# Rich Piana's 'Craziest Cycle' Ever



## NbleSavage (May 1, 2014)

Have to give full respect to Rich for keeping it real and sharing his experiences.


----------



## bvs (May 1, 2014)

saw this vid earlier today, i love the way he is coming out and saying what he uses. he may not be an olympia contender but its good to know what guys at that sort of national level were doing even if it was a while ago. that cycle may have been crazy back then but he has nothing on what some guys are doing these days!


----------



## Capt Forest (May 1, 2014)

holy shit! respect to this guy.


----------



## grind4it (May 1, 2014)

Good to see another brother being honest.
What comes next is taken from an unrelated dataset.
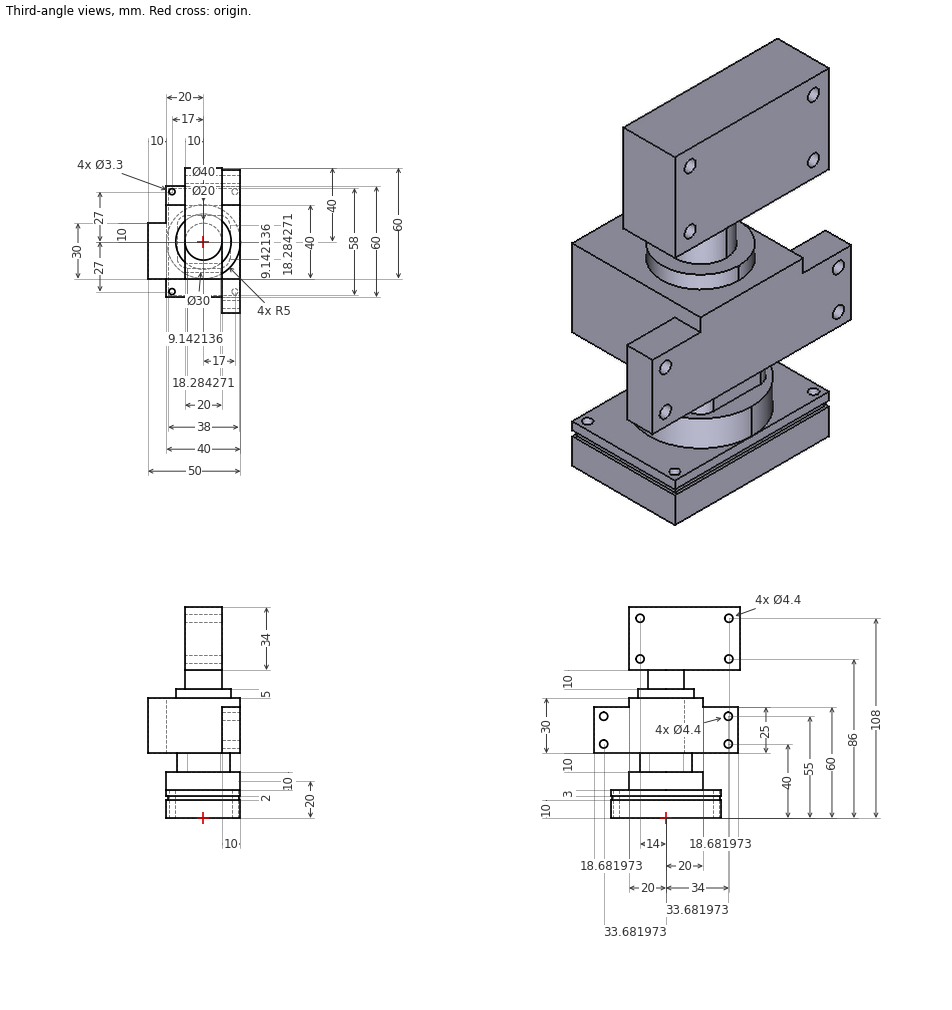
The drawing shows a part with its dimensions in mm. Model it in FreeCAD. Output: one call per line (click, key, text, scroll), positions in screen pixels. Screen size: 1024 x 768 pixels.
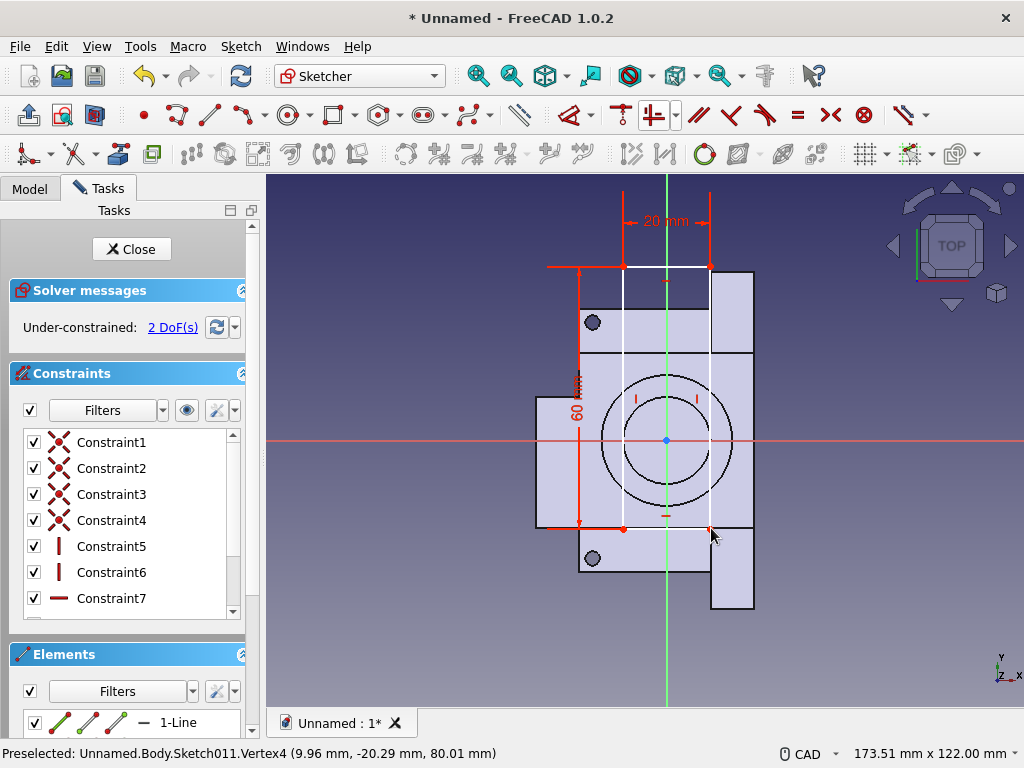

I hate the the BBs that come off that they are natural. It's sad seeing natural brothers killing themselves to try and gain a physique that is impossible naturally.


----------



## bronco (May 1, 2014)

GOTDAM!!! 20 iu growth a a day, I know there are some who have run higher but how can someone afford that? Plus food, Plus gear


----------



## RJ (May 1, 2014)

you know i used to think i didn't like this guy because of what he said. Not so. I like the honesty. 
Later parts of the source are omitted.